Many wacky fixes for our broken financial system are currently floating around cyberspace. Some are proposed and discussed right here on Cif. One particularly extravagant idea involves removing the ability of private banks to "create" money and forcing them to adopt 100% reserve banking. In effect, no banker would be able to issue credit in excess of the government-backed notes and coins deposited in his vaults.
This gem is not confined to Cif: US congressman Dennis Kucinichvoiced support for the idea – without being challenged – during a discussion with James Naughtie on last Wednesday's Today programme (scroll down to 0810 to listen).
Some even want to take the 100% reserve idea one step further and introduce what can only be described as an extremist gold standard system, where the amount of money in the world economy exactly equals the total world weight of gold (or some other commodity). This is a version of the gold standard so radical that it did not even operate during the classical gold standard era of the late 19th century. There is even a UK political party that espouses this idea, calling itself the Money Reform Party (although just how seriously it takes itself after winning just 33 votes to the Official Monster Raving Loony Party's 132 at the 2006 Bromley and Chislehurst by-election I do not know).
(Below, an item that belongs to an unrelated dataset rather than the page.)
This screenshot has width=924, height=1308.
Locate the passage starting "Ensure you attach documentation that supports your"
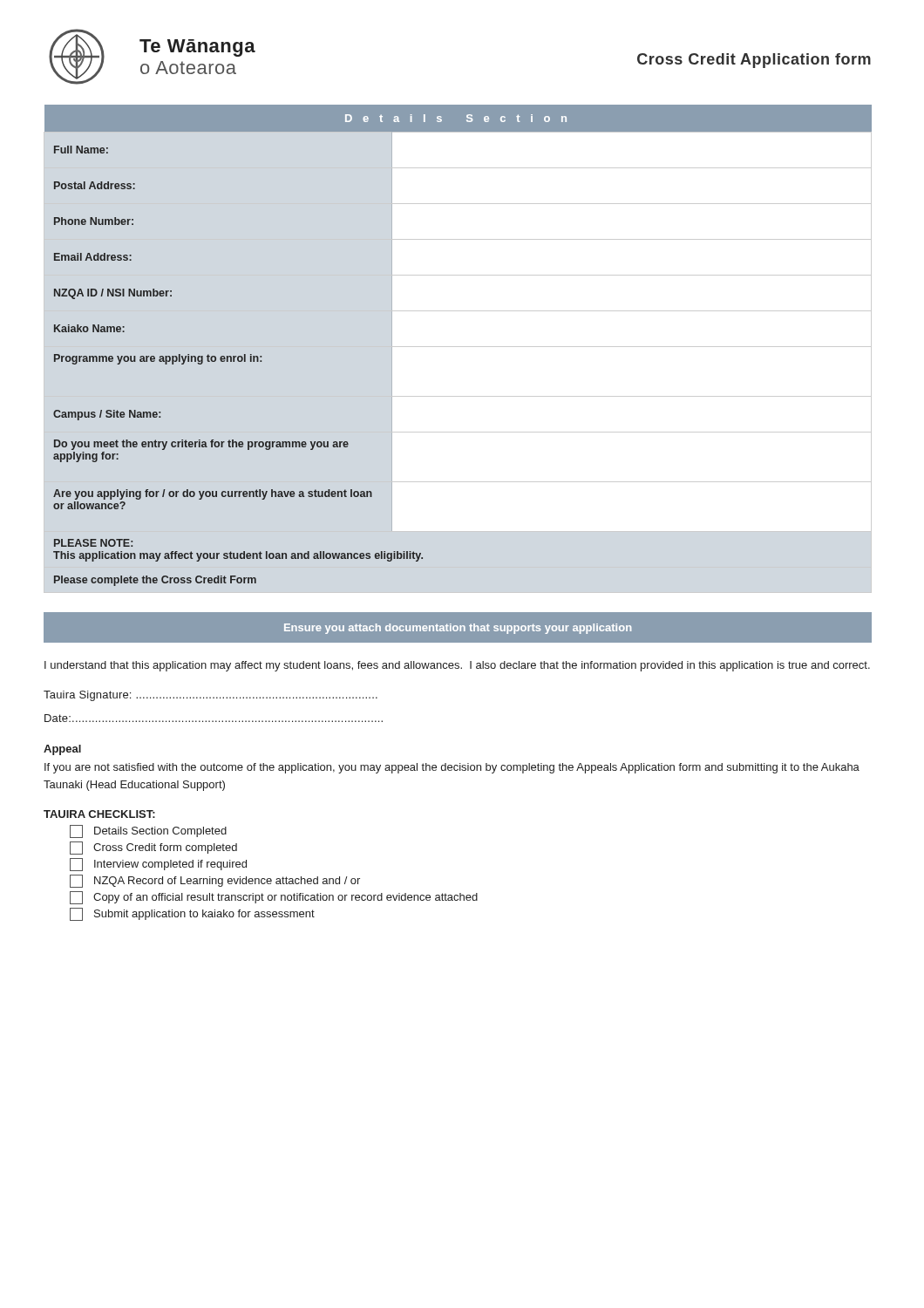click(x=458, y=627)
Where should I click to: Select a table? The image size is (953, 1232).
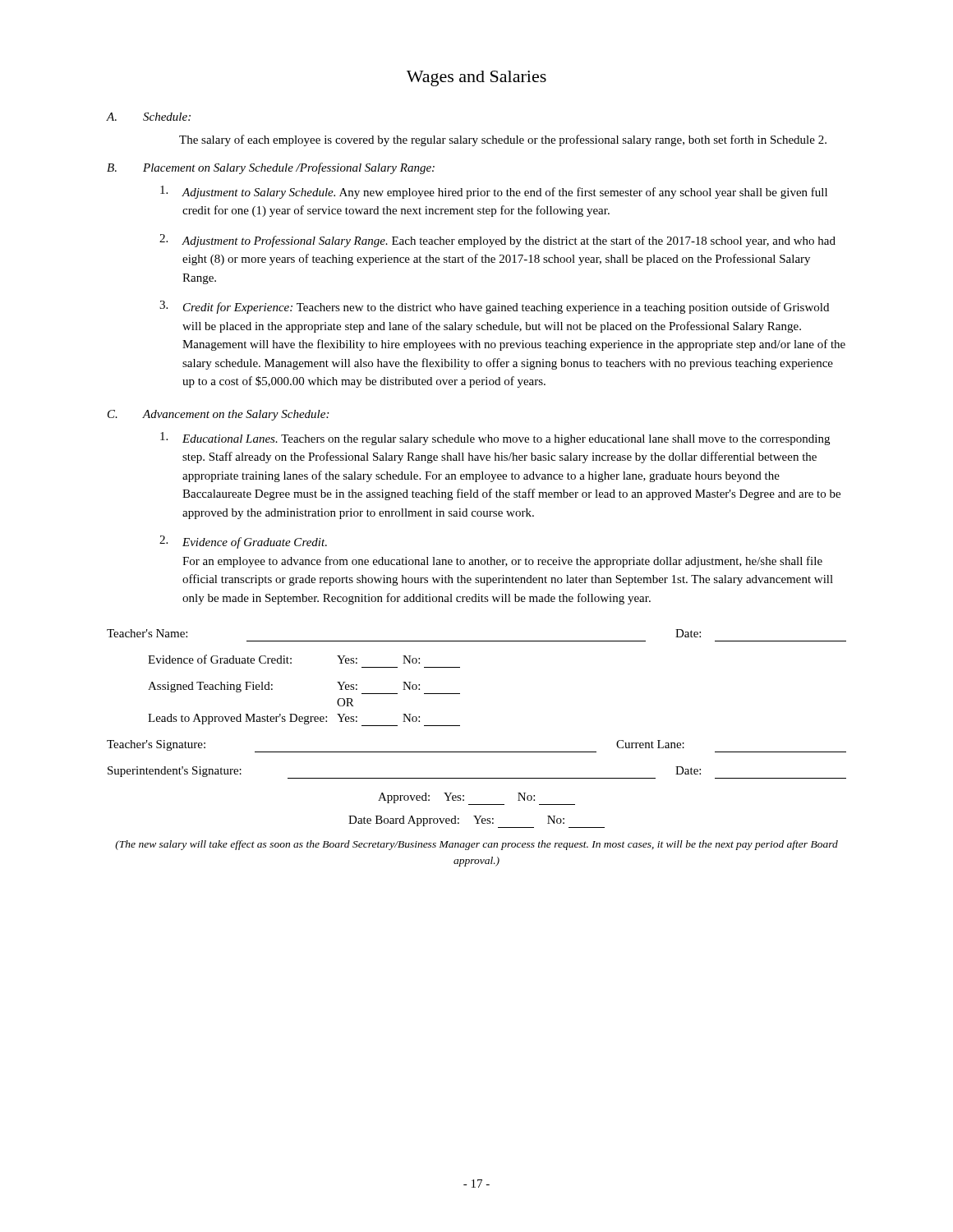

Hundred per cent reserve banking is dangerous and politicians should avoid proposing it at all costs. Introducing a gold standard would be pure lunacy and would do nothing to ensure future financial stability. Let me explain this position by imagining first what would happen following the introduction of the weak version of the policy (100% reserves), and then the strong version (100% reserves plus gold).
Banks fulfil a market niche for which there is great demand: they offer a variety of financial services that any one individual customer cannot carry out on her own because of the costs and risks involved. Benefiting from size and scope, a bank reduces information costs and is able to enforce the contracts required for efficient matching of borrowers with lenders. Bankers' core business involves profiting from the realisation that savers will at any one time demand back only a small proportion of deposits from their vaults. Put simply, this gives banks the ability to lend out money that they do not technically have, on trust. It is a perfect system in that it doesn't need a central planner, instead allowing the market to determine the necessary money supply; banks that lend too much will be seen as too risky and will be forced to recapitalise or fail, as is currently occurring.
If the weak version of the policy were introduced, banks would lose their money creation ability and would become mere piggy banks. There would not be enough cash in circulation as a result, so De La Rue plc would be forced to print money and hand this over to bankers to stuff their vaults with. This money would not be used much by anyone; it would have to stay locked in vaults by law to fulfil the reserve requirement. Instead of the market deciding how much money the economy can absorb, Whitehall bureaucrats would now centrally plan the money supply. There would never be a bank run ever again, but bankers would have neither incentive nor ability to lend out money. Everyone but De La Rue would be worse off.
Of course, this policy is totally unenforceable. A new class of moneylenders would be created which would emulate the old bankers' business model. They would find some way around the 100% reserve requirement and a shadow credit market would be created which would be totally unregulated. Individuals and businesses would still have access to credit for consumption and investment, but at great personal cost. Contracts would now be enforced using knuckledusters not law courts. Interest rates would be in double digits and paid weekly.
The stronger version of the policy would mean that the Bank of England would bankrupt the entire nation overnight, as there simply is not enough gold to go around. Assuming for a moment that there were enough, then the implication is that the wealth of nations would now be determined not by the goods and services they produced but instead by a weight of gold. Ludicrous.
Under a gold standard system, not even bureaucrats could regulate the money supply. They would set the exchange rate between currency and gold once only, and be forced to maintain this for fear that readjustment would end with a gold run and financial crisis. We would be at gold mining countries' mercy. And we would not be financial crisis-free. Between 1870 and 1914 – the period of the classical gold standard – there were hundreds of financial crises in both the developed and developing worlds. The gold standard stability myth is just that: a myth.
This excellent teaching article on the gold standard by Lawrence Officer at the University of Illinois explains the ins and outs of previous gold standard regimes, including how attempts at gold's reintroduction between the world wars was probably the single biggest cause of the Great Depression. The economic history of gold standards is something that everyone should know about, and this article is a good starting point for James Naughtie in preparation for his next interview with deluded congressmen like Dennis Kucinich.